Saved data entries:
——
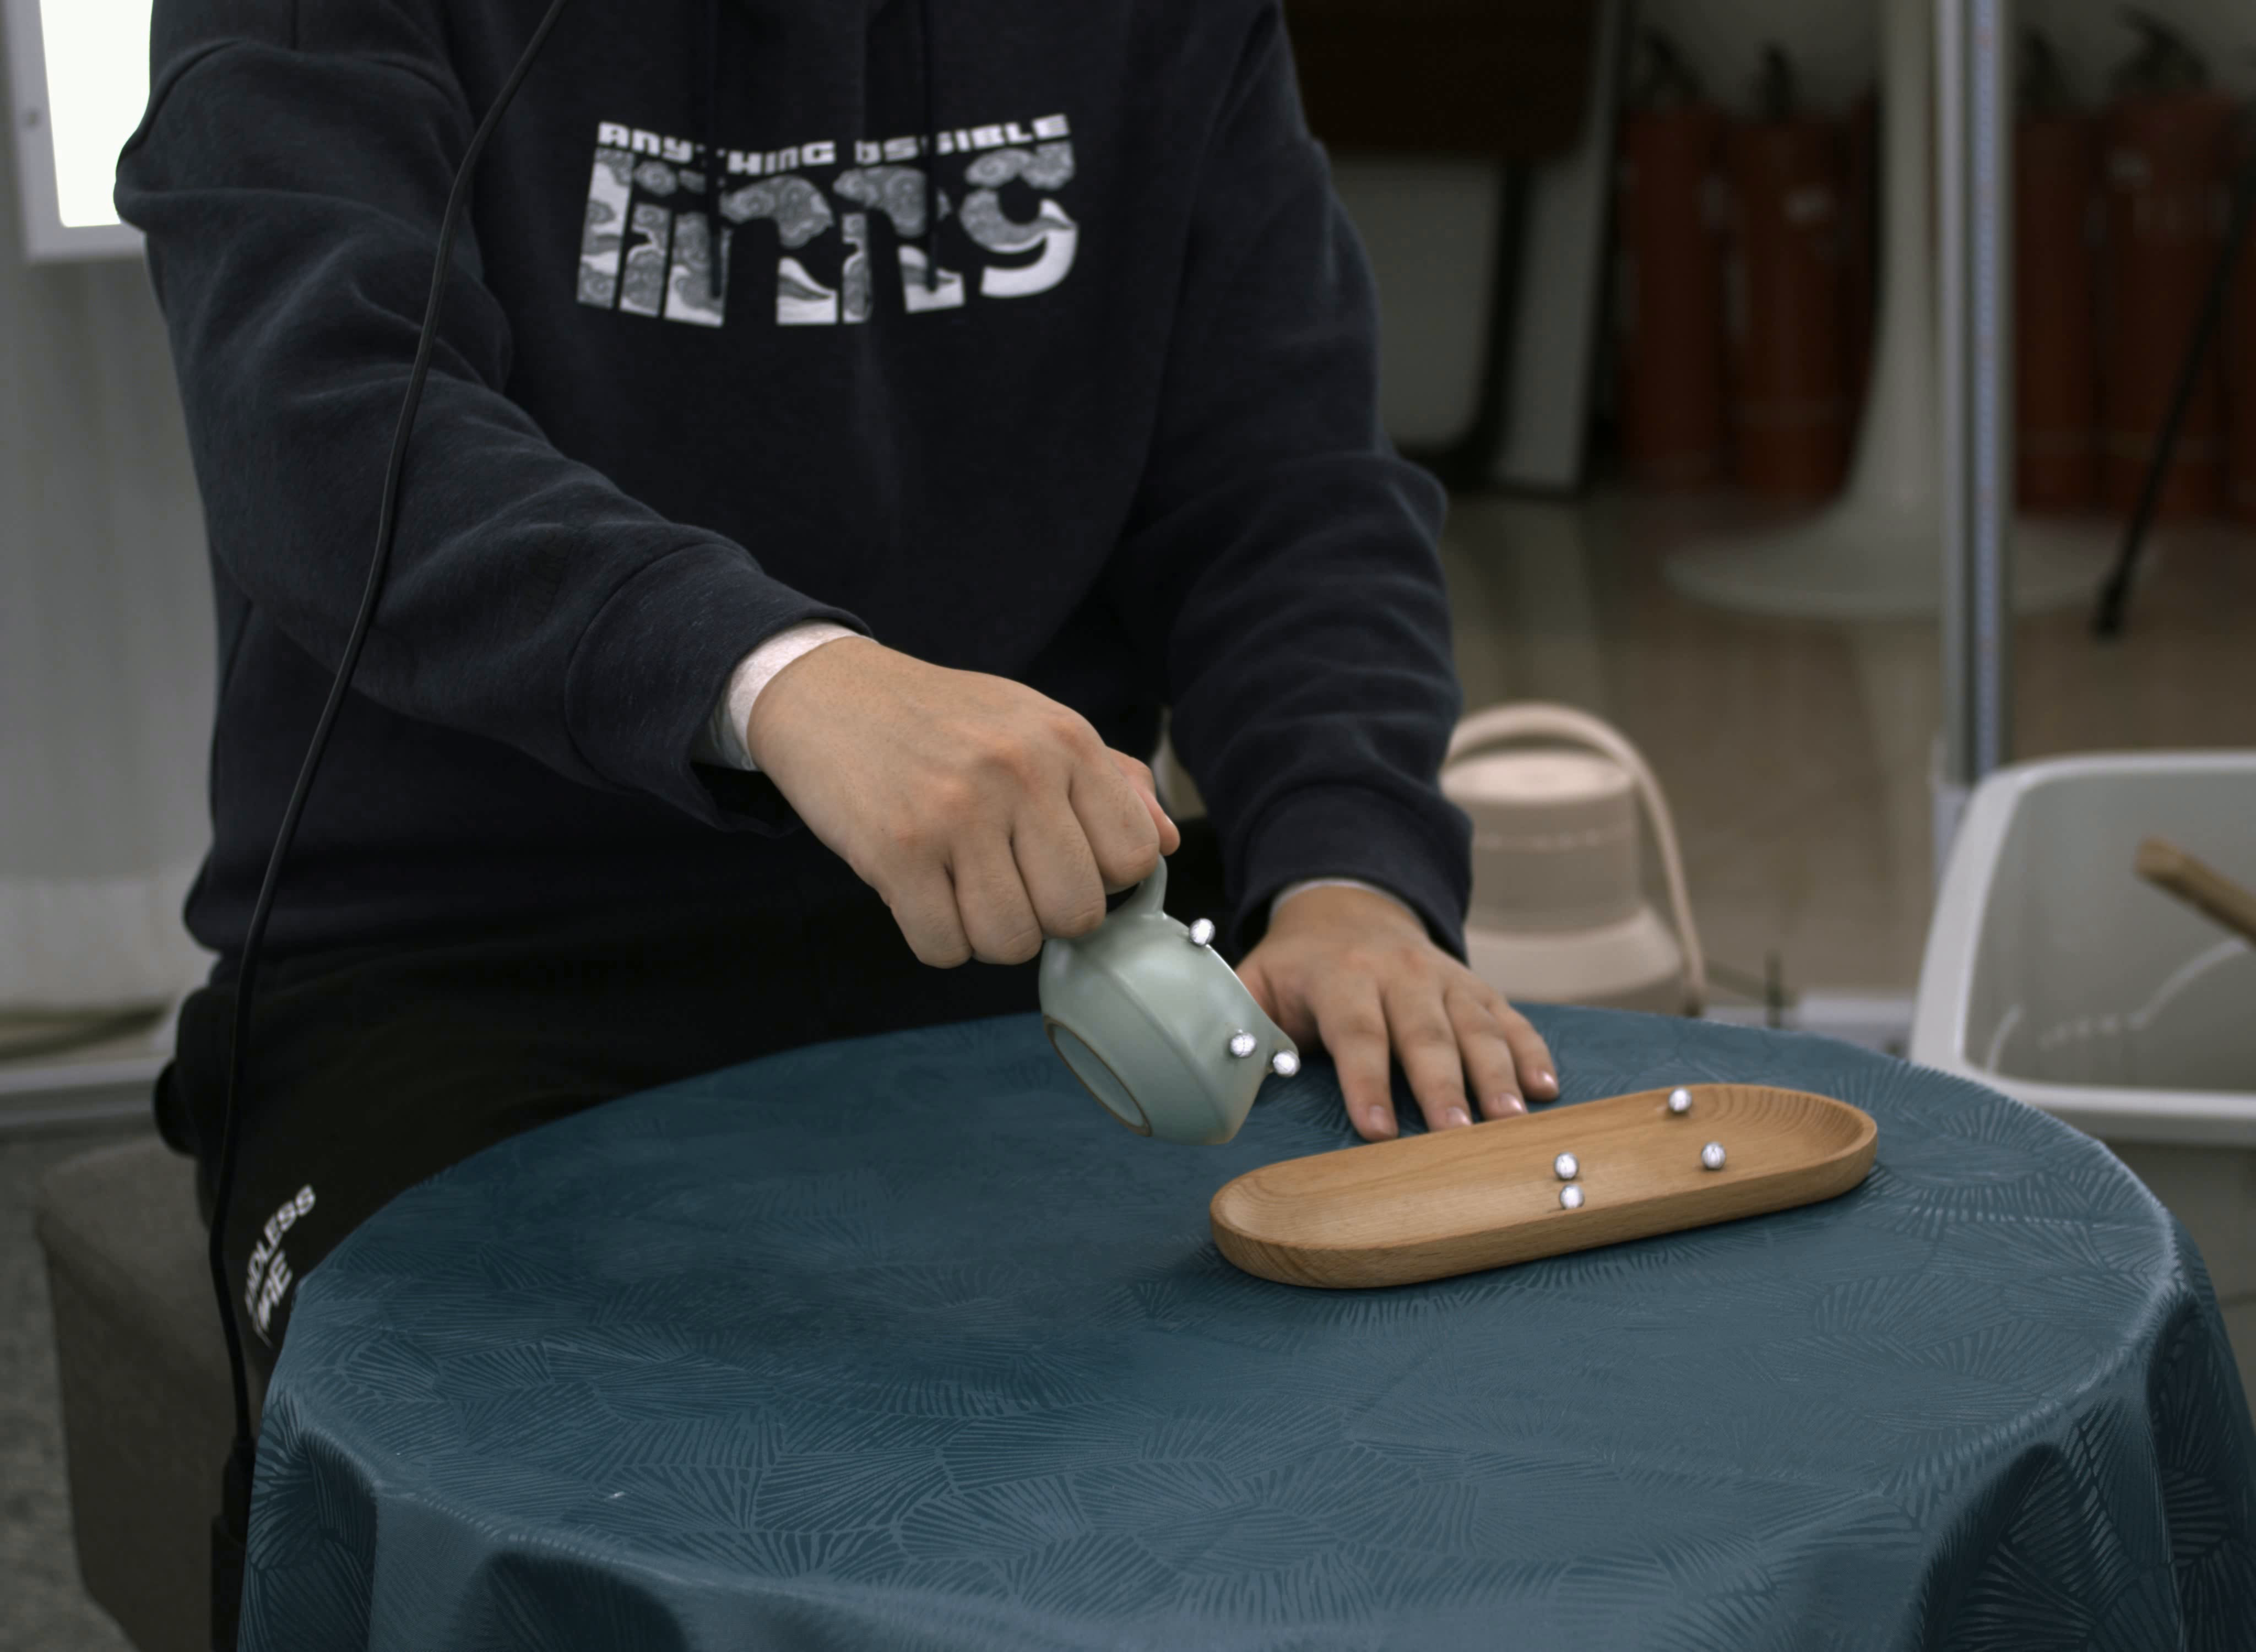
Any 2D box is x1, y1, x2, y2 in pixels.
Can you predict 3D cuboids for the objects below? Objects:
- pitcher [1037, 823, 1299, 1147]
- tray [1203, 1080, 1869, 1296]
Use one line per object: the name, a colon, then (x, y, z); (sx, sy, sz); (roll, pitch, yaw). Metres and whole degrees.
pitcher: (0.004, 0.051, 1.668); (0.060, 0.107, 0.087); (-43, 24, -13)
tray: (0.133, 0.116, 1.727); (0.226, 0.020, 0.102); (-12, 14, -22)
——
▸ Work to be completed:
Without carrying over any pictures, retype the records above exactly.

▸ Written solution:
Any 2D box is x1, y1, x2, y2 in pixels.
Can you predict 3D cuboids for the objects below? Objects:
- pitcher [1037, 823, 1299, 1147]
- tray [1203, 1080, 1869, 1296]
Use one line per object: the name, a colon, then (x, y, z); (sx, sy, sz); (roll, pitch, yaw). Metres and whole degrees.
pitcher: (0.004, 0.051, 1.668); (0.060, 0.107, 0.087); (-43, 24, -13)
tray: (0.133, 0.116, 1.727); (0.226, 0.020, 0.102); (-12, 14, -22)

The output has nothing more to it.